Immediately though, people who didn’t know the man at all were calling him controversial, divisive, extreme and of course a fascist.
It’s a term that gets thrown around too loosely by people who just want to shut down someone they disagree with. Anyone who knows me, and that includes many friends who are progressives or capital L Liberals, will know that I am not a fascist, I’m not homophobic, racist, misogynistic or any of the other terms that get thrown at anyone espousing conservative political views.
Neither was Charlie Kirk, but that didn’t stop people from throwing those terms around just to discount him, to explain away the violence.
Matthew Dowd, a former Bush advisor who has “progressed” to the left over the years went on MSNBC and said the hateful words of Charlie Kirk led to hateful actions. He effectively blamed Kirk, falsely, for creating the climate where someone had to shoot him.
Thankfully, Dowd was fired from his part-time gig as an MSNBC commentator. His comments were disgusting.

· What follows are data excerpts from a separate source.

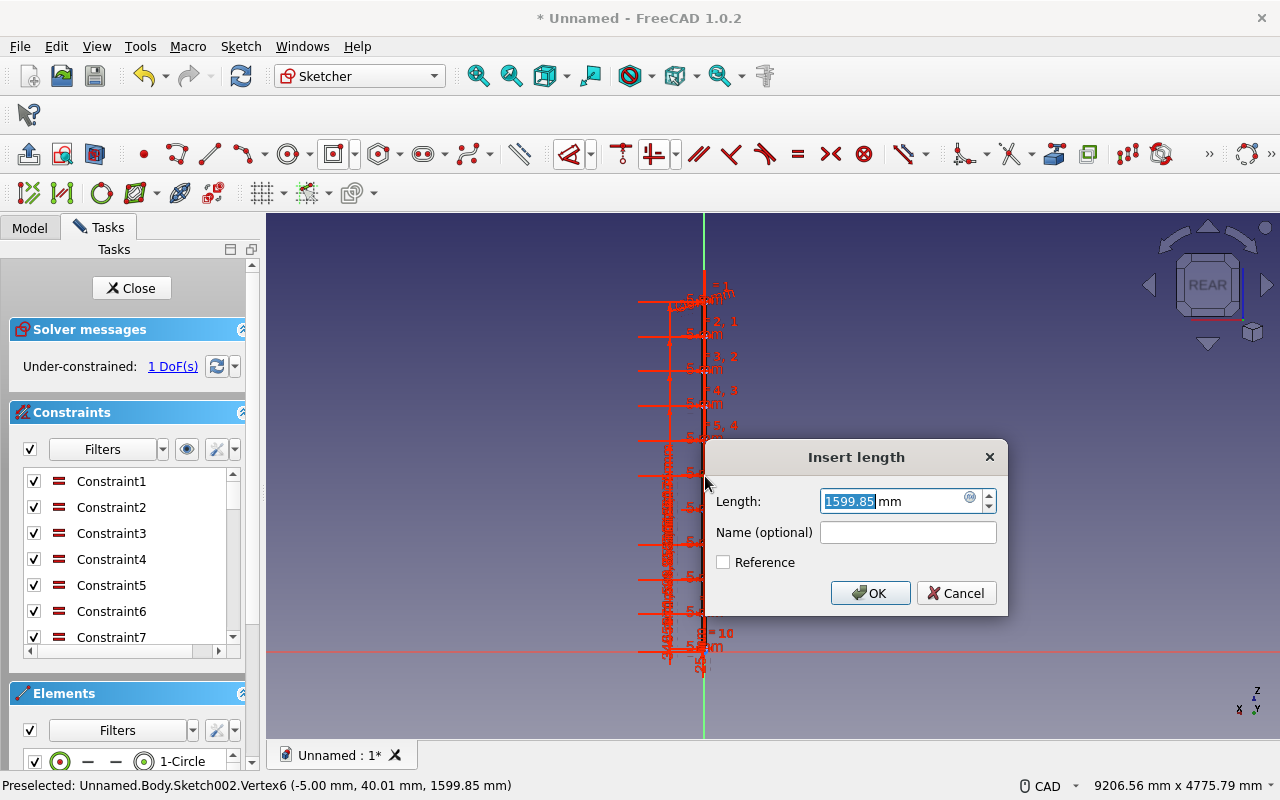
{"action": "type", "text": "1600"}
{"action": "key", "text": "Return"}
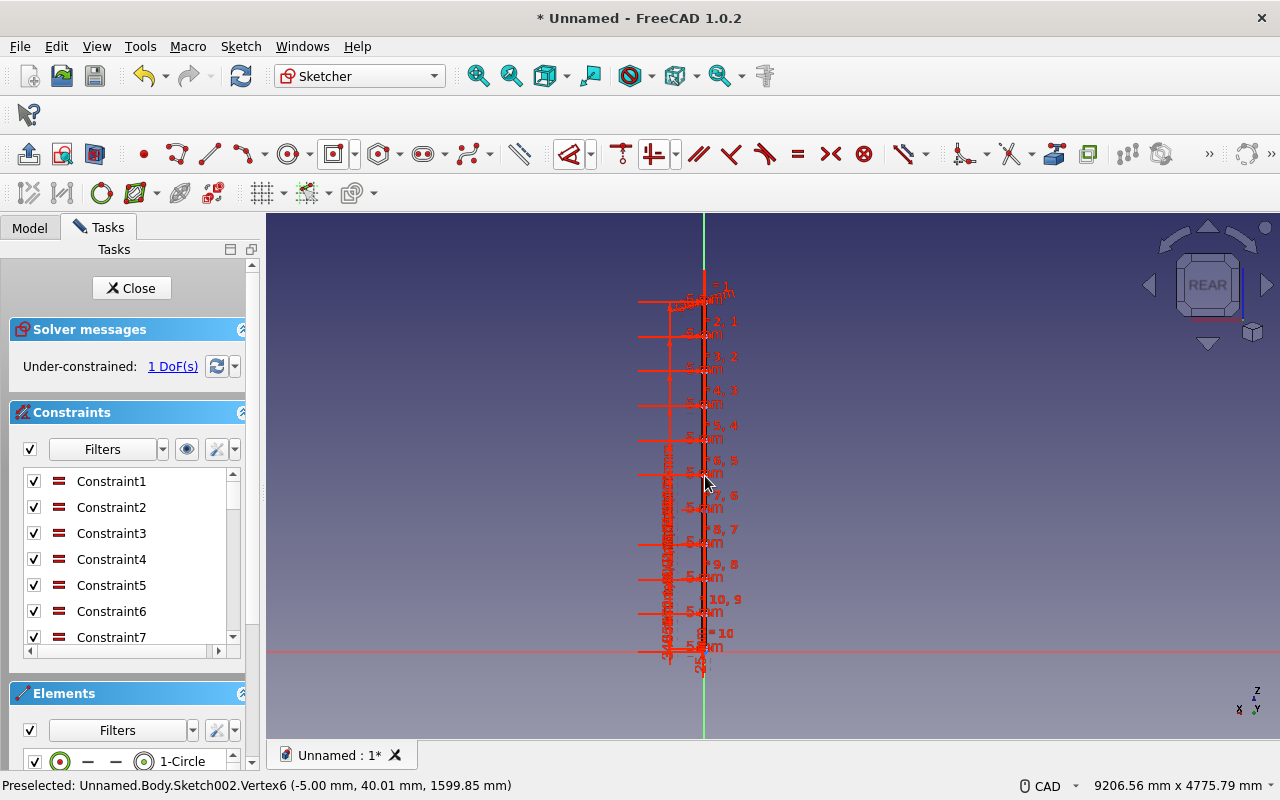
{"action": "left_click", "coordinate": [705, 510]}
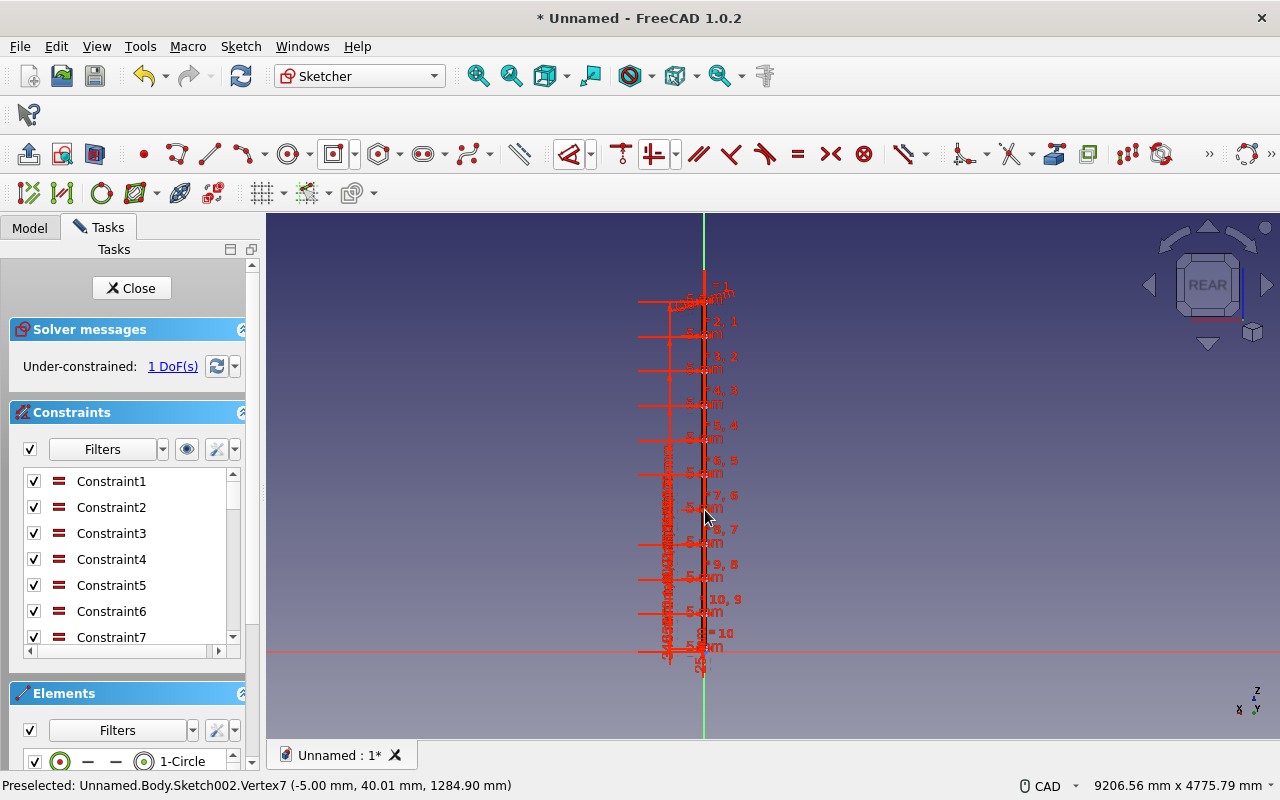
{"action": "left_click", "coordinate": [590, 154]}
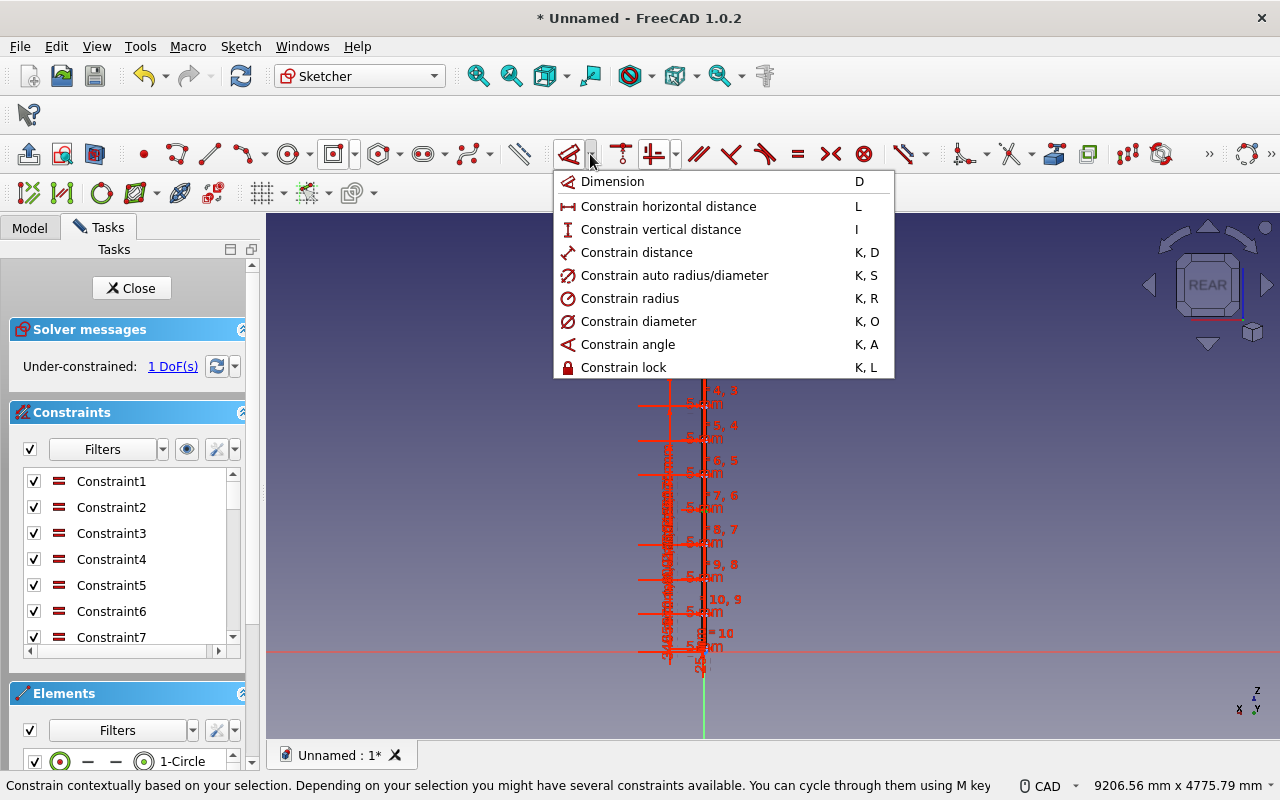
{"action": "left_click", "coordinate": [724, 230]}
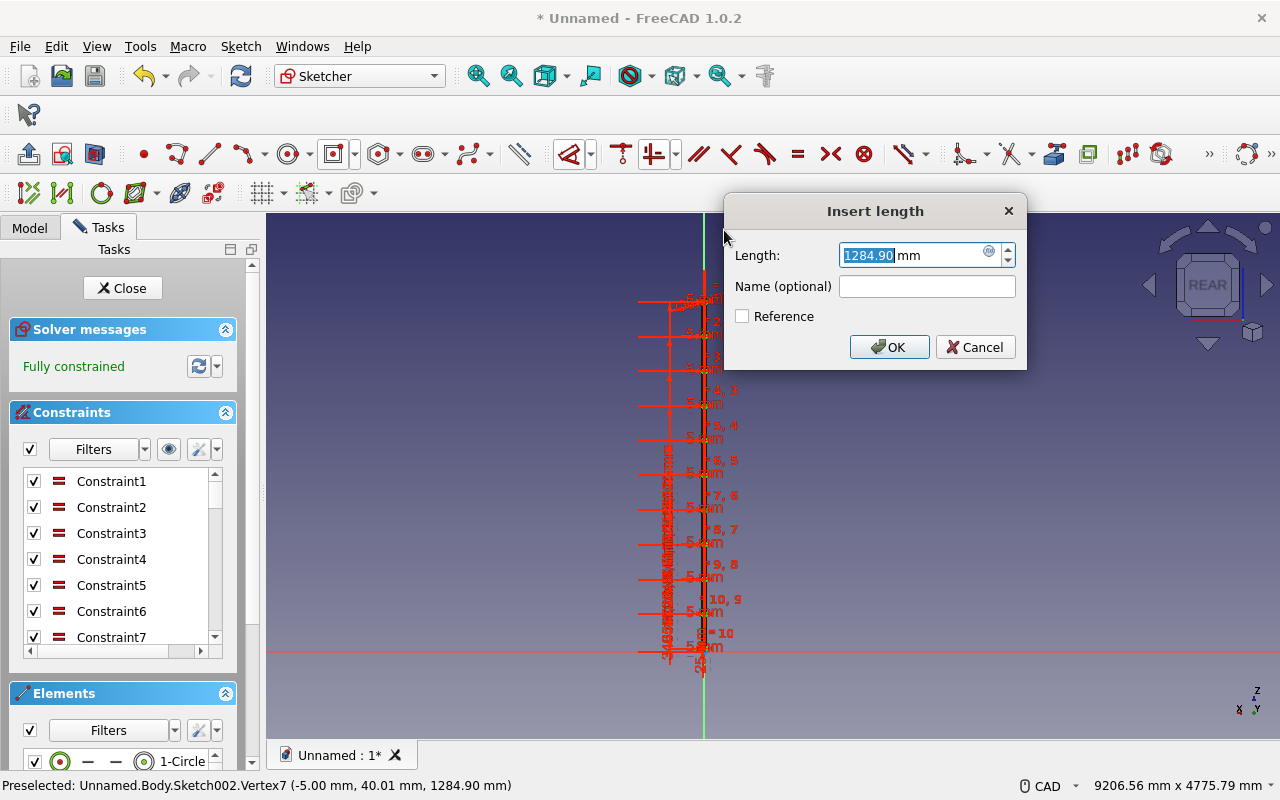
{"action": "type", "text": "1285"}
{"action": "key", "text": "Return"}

As I was catching up on the news of Kirk’s assassination after leaving the film screening, my boss, Adrienne Batra, the editor-in-chief of the Toronto Sun, warned me to be careful in public. I told her I appreciated the concern but felt safe, I’m not on the level or the kind of stage that Kirk was and besides, this is Canada.
Then came the comments from Dr. Ruth Marshall, an associate professor of religion at the University of Toronto who expressed herself quite forcefully and coarsely on X.
Dr. Marshall’s office is mere blocks from my home and blocks from my office. It turns out I walk by this woman’s office with my dog on a regular basis and she is saying shooting is too good for people like me.
Before you say I’m exaggerating, this isn’t aimed at you, Dr. Marshall has shown a real hatred for my employer Postmedia and for anyone supporting the State of Israel and the Jewish Diaspora in Canada.
Just days ago she posted on her now locked X account, “Defund the fascist American rag nationalpost… and she called for war crime investigations of Israeli athletes travelling to Canada for a David Cup tennis match.
Dr. Marshall, who is paid $187,780 a year to “teach” at U of T is advocating violence against people she disagrees with politically. I’m sure it is just an extension of “resistance by any means” and “globalize the intifada” and the other calls to violence that the left has been whitewashing since October 7.
Thankfully, Professor Marshall has been placed on leave pending an investigation. Advocating death is not free speech.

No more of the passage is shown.